━━━ Provided material ━━━

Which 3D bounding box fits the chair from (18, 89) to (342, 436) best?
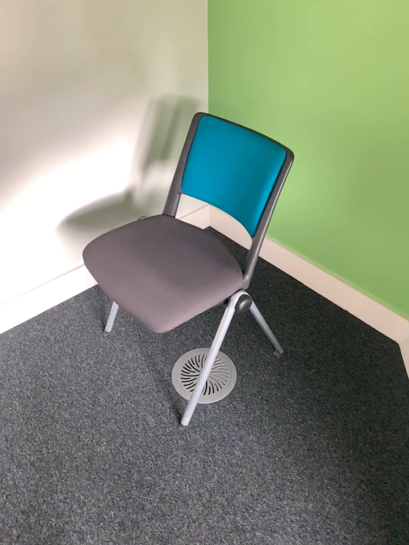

━━━
━━━ Provided material ━━━

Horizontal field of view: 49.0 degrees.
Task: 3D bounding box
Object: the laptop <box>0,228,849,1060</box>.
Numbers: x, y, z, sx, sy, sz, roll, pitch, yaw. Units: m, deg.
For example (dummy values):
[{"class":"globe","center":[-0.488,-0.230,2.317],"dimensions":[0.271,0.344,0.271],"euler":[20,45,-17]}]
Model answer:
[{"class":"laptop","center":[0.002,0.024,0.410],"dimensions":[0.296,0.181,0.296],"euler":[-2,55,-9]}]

━━━
━━━ Provided material ━━━

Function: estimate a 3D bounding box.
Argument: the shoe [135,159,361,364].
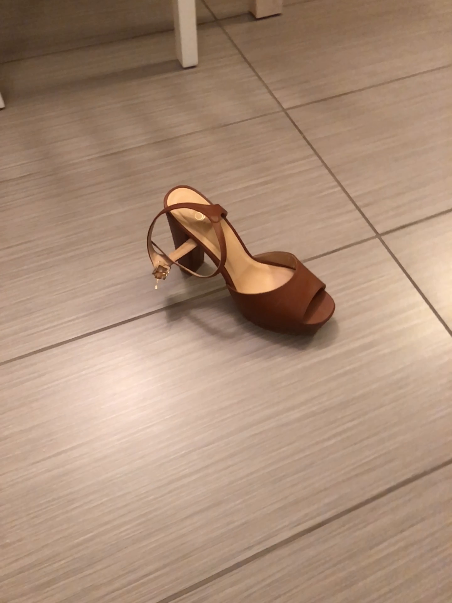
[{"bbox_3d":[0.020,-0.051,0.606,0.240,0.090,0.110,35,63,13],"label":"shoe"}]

━━━

▸ Brief
Within the entries above, find each line where "bounding" appears; copy every one.

▸ Output
Which 3D bounding box fits the chair from (18, 89) to (342, 436) best?
Task: 3D bounding box
Function: estimate a 3D bounding box.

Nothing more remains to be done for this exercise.